陸溪兒一聽,知道兩人鬧不愉,不過她可不信大伯會讓戴纓離他遠些,這話必是掐頭去尾的。
“為什么讓你走遠?”她順著話頭,好奇地追問。
戴纓嘴角撇出一個弧度,拿出一本正經的態度:“他說自打我坐過去,他的魚漂就沒動過,分明是他技術不好,怨起我來了?”
陸溪兒哪兒敢接這個話,這些話也只有戴纓能說,她們這些小輩,是聽都不該多聽,更別說置喙了。
正在這時,不遠處的湖邊響起一陣不小的喧嘩,將兩人的注意力吸引了過去。
只見明媚的陽光下,最搶人眼目的,是一條被提出水面,仍在奮力擺尾的大魚。
目測有女子手臂那般長短,肥碩的身子在半空中掙扎躍動,鱗片在日照下反射出碎星的光芒。
而那手提大魚之人,不是陸銘章卻又是誰。
似是覺察到視線,他轉過頭,與那道視線隔空對上,戴纓將頭一別,臉上有些訕訕的,這魚來得也是時候。
前一刻才說他的魚漂沒動是因為他技術不好,和她沒半點關系,結果打嘴現世。
周圍的垂釣之人紛紛圍湊看熱鬧,嘖嘖稱奇,有那認出陸銘章之人,便借此契機,上前行禮,態度謙恭卻不顯諂媚。

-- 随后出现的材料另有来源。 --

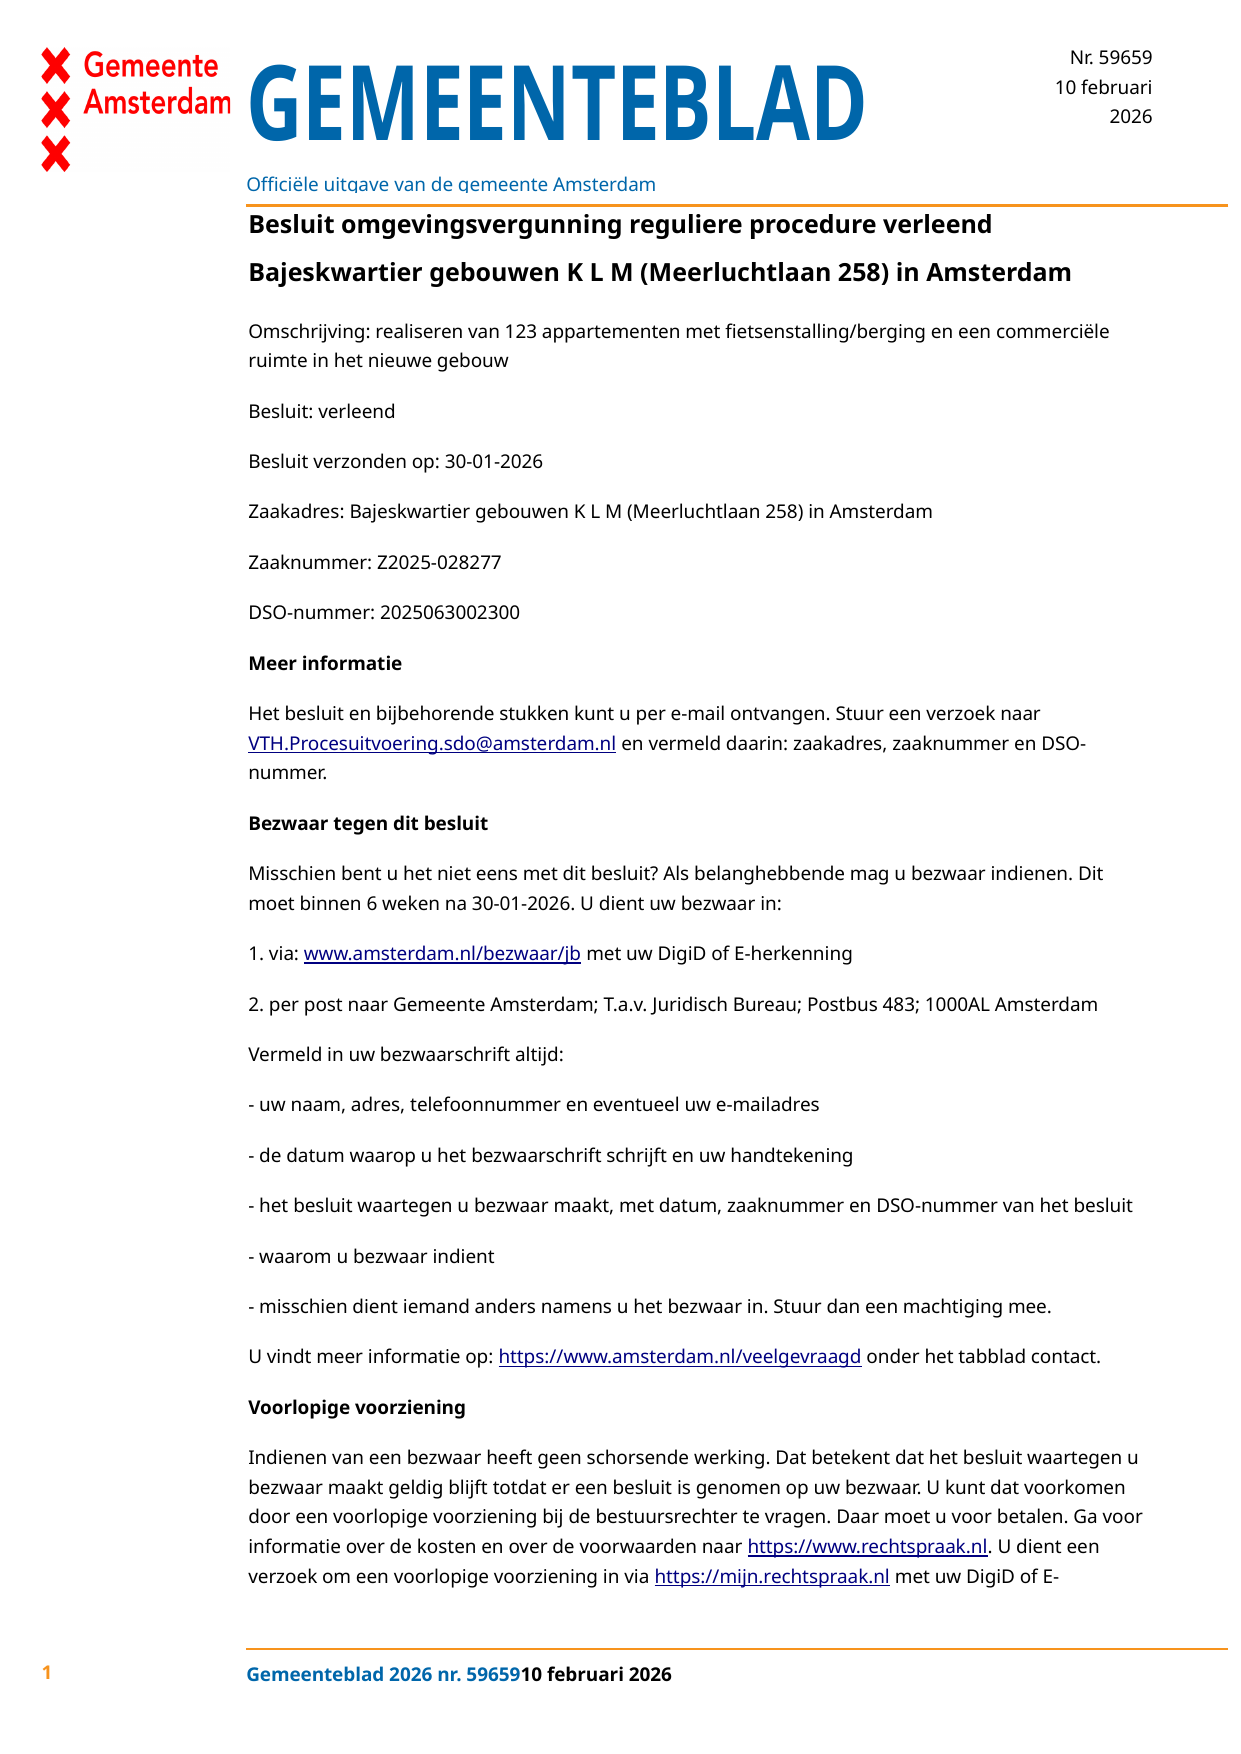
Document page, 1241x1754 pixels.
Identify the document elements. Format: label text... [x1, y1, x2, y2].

行了禮,很有禮節地不打擾,自覺散去,仍是賞景的賞景,烹茶的烹茶,一派和樂自然。
陸銘章將那條仍在撲騰的大魚遞給候在一旁的仆從,再轉身向戴纓那邊行去,仆從提著大魚,緊隨其后。
走到近前,他吩咐小廝:“桶里那幾條小的,收拾干凈,就地現烤了,給大家嘗鮮,這條大的……”他看了一眼那肥魚,“帶回府去,交給廚房。”
小廝響亮地應了一聲“是”,提著大活魚轉身離開。
戴纓準備打趣他幾句,誰知旁邊忽然傳來一聲壓抑不住的干嘔。
側眼去看,就見陸溪兒坐在那里,躬著身,一手撫著胸口,又“噦”了一聲。
“怎么……”
她話只問了一半,再見陸溪兒那情態,眉頭緊蹙,手指揪著衣襟,鼻翼微微翕動,心里咯噔一下,有了一個隱約的猜想。
陸銘章立在一旁,見狀并未多問什么,默默地走開了,將空間留給她們二人。
戴纓一面撫拍陸溪兒的背,一面問道:“好點了沒?是不是被那魚腥氣沖著了?”接著從旁邊的石盤拿過熱水,喂她喝。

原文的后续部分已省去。